Question

A Carnot engine has an efficiency of 50% when its sink is at a temperature of 27℃. The temperature of the source is
(A) 300℃
(B) 327℃
(C) 373℃
(D) 273℃

Answer 1

Hint
The efficiency of the Carnot engine is given by $\left( {1 - \dfrac{{{{\rm{T}}_2}}}{{{{\rm{T}}_1}}}} \right)$ i.e. the Carnot engine operates between two temperatures. ${{\rm{T}}_2}$ is the temperature of the sink and ${{\rm{T}}_1}$ is the temperature of the source.

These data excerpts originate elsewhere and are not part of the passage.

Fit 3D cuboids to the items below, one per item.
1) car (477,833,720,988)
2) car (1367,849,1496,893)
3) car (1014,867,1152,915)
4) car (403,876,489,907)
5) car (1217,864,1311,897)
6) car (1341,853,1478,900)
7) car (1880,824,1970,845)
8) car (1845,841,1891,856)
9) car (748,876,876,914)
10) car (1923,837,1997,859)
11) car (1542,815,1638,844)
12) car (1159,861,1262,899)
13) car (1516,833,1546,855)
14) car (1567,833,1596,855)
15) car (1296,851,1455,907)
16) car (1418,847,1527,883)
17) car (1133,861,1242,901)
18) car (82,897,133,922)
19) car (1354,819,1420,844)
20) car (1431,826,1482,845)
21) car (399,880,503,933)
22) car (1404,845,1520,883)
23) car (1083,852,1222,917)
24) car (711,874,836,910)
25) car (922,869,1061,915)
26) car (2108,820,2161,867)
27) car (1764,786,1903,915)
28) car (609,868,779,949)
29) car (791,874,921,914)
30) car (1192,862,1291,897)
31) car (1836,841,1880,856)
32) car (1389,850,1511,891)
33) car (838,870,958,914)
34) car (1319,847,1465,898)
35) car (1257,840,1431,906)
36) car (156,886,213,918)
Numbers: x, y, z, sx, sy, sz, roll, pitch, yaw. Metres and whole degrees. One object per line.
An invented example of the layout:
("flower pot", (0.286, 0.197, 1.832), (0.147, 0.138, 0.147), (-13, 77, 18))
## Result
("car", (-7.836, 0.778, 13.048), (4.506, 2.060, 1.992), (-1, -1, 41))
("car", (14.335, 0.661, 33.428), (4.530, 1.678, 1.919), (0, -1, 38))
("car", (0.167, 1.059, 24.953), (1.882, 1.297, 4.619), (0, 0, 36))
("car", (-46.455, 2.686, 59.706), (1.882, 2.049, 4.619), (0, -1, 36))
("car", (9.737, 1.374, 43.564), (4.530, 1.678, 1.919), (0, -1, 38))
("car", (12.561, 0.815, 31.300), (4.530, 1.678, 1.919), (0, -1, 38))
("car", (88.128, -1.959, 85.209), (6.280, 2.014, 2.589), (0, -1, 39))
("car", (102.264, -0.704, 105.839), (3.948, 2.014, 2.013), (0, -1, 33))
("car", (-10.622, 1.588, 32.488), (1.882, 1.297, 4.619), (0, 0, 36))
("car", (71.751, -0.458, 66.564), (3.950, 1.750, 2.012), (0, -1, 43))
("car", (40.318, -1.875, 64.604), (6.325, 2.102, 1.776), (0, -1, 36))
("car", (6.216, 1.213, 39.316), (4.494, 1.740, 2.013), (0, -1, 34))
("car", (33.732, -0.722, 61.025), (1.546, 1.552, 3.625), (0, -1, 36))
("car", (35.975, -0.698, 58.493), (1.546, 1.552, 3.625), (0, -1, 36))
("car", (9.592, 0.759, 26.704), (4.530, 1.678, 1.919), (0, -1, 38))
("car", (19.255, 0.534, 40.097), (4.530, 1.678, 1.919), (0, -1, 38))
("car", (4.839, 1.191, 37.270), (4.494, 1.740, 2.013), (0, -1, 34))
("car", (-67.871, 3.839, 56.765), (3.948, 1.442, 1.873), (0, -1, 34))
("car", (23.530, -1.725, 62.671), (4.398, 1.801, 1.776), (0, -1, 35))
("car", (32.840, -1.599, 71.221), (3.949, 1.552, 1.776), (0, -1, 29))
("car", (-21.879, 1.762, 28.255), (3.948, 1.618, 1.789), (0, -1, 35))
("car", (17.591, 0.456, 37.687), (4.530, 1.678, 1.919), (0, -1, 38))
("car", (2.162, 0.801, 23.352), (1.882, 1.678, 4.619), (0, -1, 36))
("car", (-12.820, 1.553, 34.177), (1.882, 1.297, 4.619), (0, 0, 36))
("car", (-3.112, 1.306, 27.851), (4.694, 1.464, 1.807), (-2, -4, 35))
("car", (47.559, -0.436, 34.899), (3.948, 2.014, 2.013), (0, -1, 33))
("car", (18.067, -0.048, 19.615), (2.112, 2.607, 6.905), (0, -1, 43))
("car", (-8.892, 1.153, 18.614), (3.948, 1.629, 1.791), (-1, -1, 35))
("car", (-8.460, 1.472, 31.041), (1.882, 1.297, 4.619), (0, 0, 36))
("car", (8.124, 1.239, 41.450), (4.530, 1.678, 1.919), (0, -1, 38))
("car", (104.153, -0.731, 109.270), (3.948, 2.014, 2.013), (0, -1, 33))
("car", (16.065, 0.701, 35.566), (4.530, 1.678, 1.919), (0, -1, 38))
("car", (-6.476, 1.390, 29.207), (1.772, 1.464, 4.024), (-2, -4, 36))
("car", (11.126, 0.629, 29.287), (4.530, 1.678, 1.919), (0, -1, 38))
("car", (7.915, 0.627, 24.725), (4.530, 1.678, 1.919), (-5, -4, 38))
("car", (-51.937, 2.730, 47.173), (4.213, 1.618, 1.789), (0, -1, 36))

Complete step by step solution
Given, the efficiency of the Carnot engine is, ${\rm{\eta }} = 50{\rm{\% }} = \dfrac{{50}}{{100}} = 0.5$
The temperature of the sink of the Carnot engine,
The temperature in Kelvin is given by, ${{\rm{T}}_2} = 27 + 273 = 300$ K
The efficiency of the cycle of Carnot engine is given by,
${\rm{\eta }} = 1 - \dfrac{{{{\rm{T}}_2}}}{{{{\rm{T}}_1}}}$
Where ${{\rm{T}}_1}$ is the temperature of the source and ${{\rm{T}}_2}$ is the temperature of the sink.
On putting the values of each term, we get
$0.5 = 1 - \dfrac{{300}}{{{{\rm{T}}_1}}}$
$\dfrac{{300}}{{{{\rm{T}}_1}}} = 0.5$
${{\rm{T}}_1} = \dfrac{{300}}{{0.5}}$
${{\rm{T}}_1} = 600$ K
${{\rm{T}}_1} = {600}^{0}C-{273}^{0}C$
${{\rm{T}}_1} = {327}^{0}C$
The temperature of the source in will be given by,
Therefore, (B) is the required solution.

Additional information
According to Carnot theorem; The Carnot engine work between two temperatures, where the temperature of the hot reservoir is ${{\rm{T}}_1}$ and the temperature of the cold reservoir is ${{\rm{T}}_2}$. And, the efficiency of any engine cannot be more than the Carnot engine. The efficiency of the Carnot engine does not depend on the nature of the working substance. Also, it is not possible to completely convert heat energy into mechanical work. Therefore, the efficiency of an ideal Carnot engine cannot be 100${\rm{\% }}$.

Note
The conversion of temperature should be done in the ‘Kelvin’ scale. And, for the required answer the temperature must be converted in the ‘Celsius’ scale.